Treating data like simple key-value pairs
Trying to find related records by just asking for the document ID. This only returns basic metadata and fails when you need nested fields or aggregated results.
To pull complex, structured information, use execute_n1ql_query with N1QL constraints. This allows your agent to write specific queries that target deeply nested JSON structures.
Searching only by keywords
Asking the system to find 'sustainable gardening practices' using basic search terms. The results might be too narrow, missing conceptually related content.
Use vector_search and provide an embedding for the concept. This locates documents that are semantically similar (meaning-wise) even if they don't contain the exact words you typed.
Assuming all data is in one place
Sending a query without first verifying which collection holds the required records. This leads to vague errors or incomplete results.
Always start by running list_buckets and then list_scopes. Use this information to scope your subsequent queries, ensuring your agent targets the correct data boundaries.
When to use Couchbase (Vector & NoSQL) MCP for AI Agents MCP
Use this MCP when your data is highly varied: you have both structured records (NoSQL), free-text content, and semantic vectors. If your primary need is just simple document retrieval by a known ID, a basic key-value store might suffice. But if you need to query across different data types—for example, finding documents based on a topic (vector search) and then pulling the resulting revenue figures (N1QL)—then this MCP is essential. Don't use it if your entire dataset lives in one simple relational database; those systems have dedicated tools for that purpose.
Frequently asked questions about Couchbase (Vector & NoSQL) MCP for AI Agents MCP
How do I query complex data structures using the Couchbase (Vector & NoSQL) MCP? +
You simply ask your agent to run a structured query.
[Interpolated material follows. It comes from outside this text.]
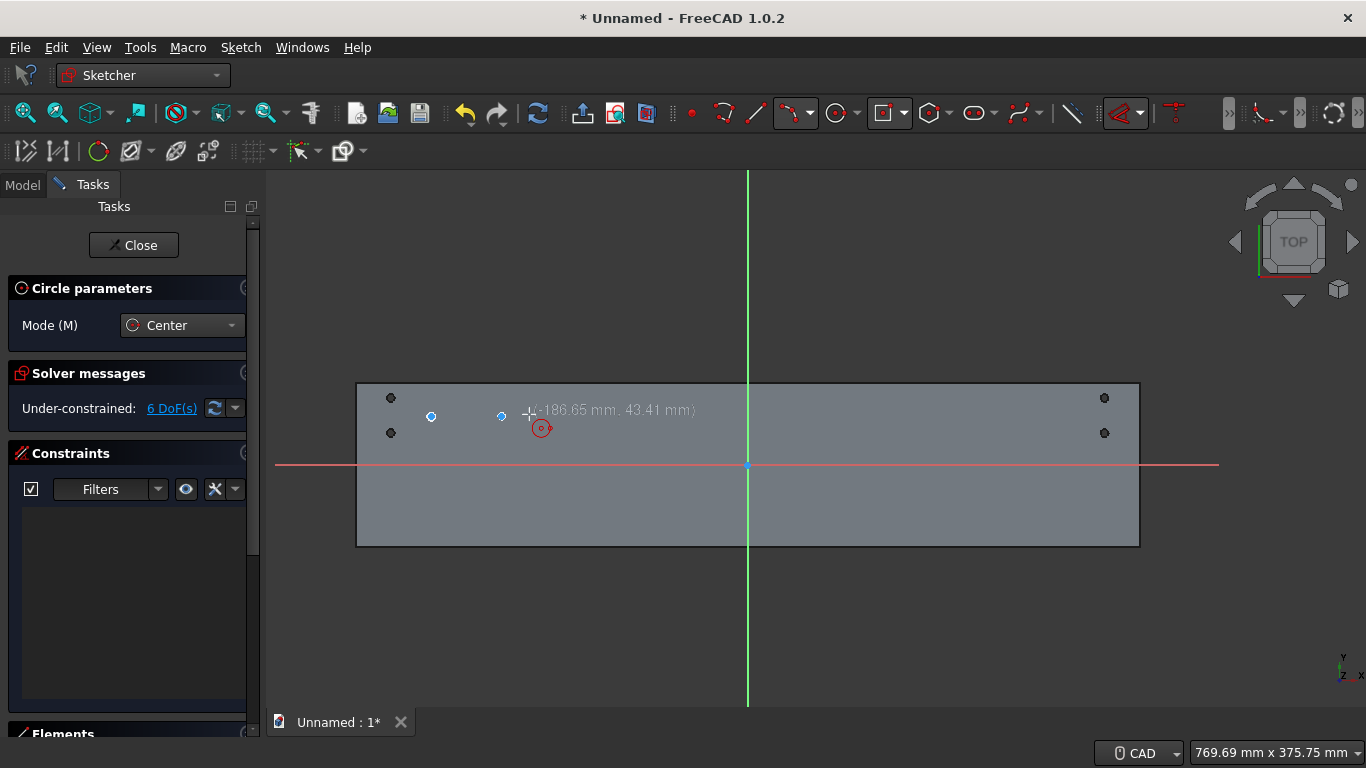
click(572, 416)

Instead of writing boilerplate SQL, you tell it what fields and criteria you need, and it executes N1QL constraints to deliver the exact JSON payload.
Can this MCP find things that are related by meaning, not just words? +
Yes. You can use vector search capabilities within the Couchbase (Vector & NoSQL) MCP. This finds semantic matches using your embeddings, which is critical for advanced knowledge retrieval.
Is this better than querying a traditional relational database? +
It handles variety better. If your data includes documents, JSON records, and vector metadata all in one place, the Couchbase (Vector & NoSQL) MCP manages that complexity for you, letting you treat it like one single source.
What if I only have a document key? How do I get its data? +
You can use the dedicated retrieval tool to fetch the full internal properties of any specific document. This gives you all the associated metadata and content mapped to that unique key.
How does Couchbase (Vector & NoSQL) help with data organization? +
The MCP lets your agent map out your entire cluster, listing buckets, scopes, and indexes. This gives you a clear audit of where all the different types of data are stored.